*** Opening SUPPLIED DATA ***

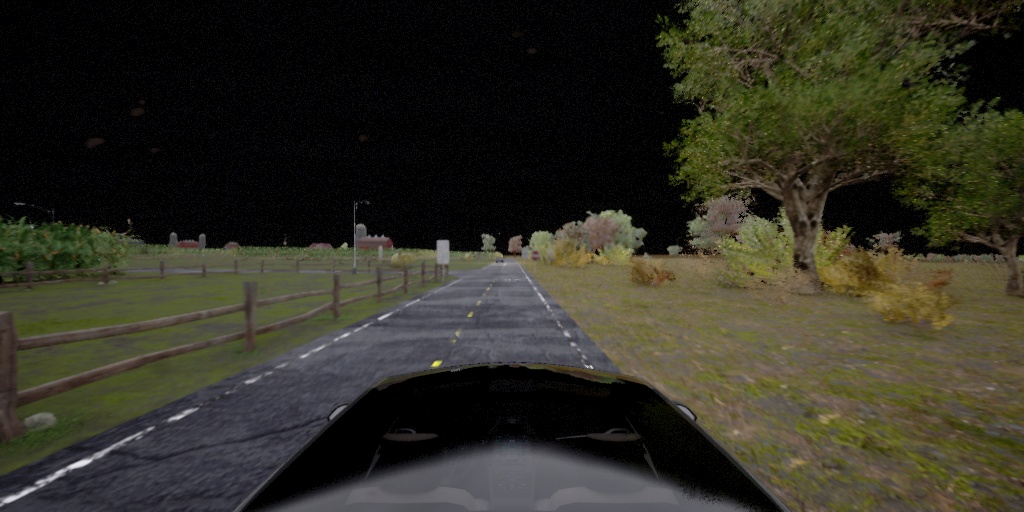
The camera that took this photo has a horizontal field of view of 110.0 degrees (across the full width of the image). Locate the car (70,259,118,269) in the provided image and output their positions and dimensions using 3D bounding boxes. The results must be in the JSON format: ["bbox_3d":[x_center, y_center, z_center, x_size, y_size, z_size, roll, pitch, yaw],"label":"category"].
[{"bbox_3d":[-45.845,0.816,39.301,4.902,1.511,2.128,0,1,0],"label":"car"}]
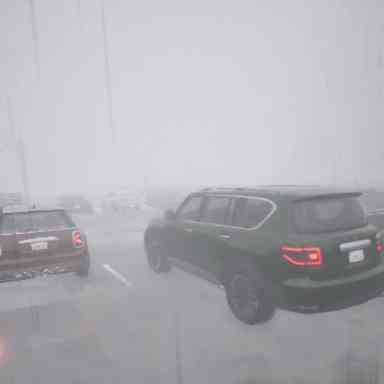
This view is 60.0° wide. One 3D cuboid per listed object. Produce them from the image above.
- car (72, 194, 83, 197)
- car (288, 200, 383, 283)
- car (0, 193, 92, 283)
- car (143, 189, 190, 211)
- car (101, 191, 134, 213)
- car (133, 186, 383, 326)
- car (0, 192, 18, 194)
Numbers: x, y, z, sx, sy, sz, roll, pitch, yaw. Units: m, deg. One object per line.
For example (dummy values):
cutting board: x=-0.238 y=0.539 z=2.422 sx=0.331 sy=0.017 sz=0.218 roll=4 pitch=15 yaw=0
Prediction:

*** Closing SUPPLIED DATA ***

EXERCISE DIRECTIONS:
Look over the listing above. Pick out and copy every line that includes "object".

YOUR RESPONSE:
This view is 60.0° wide. One 3D cuboid per listed object. Produce them from the image above.
Numbers: x, y, z, sx, sy, sz, roll, pitch, yaw. Units: m, deg. One object per line.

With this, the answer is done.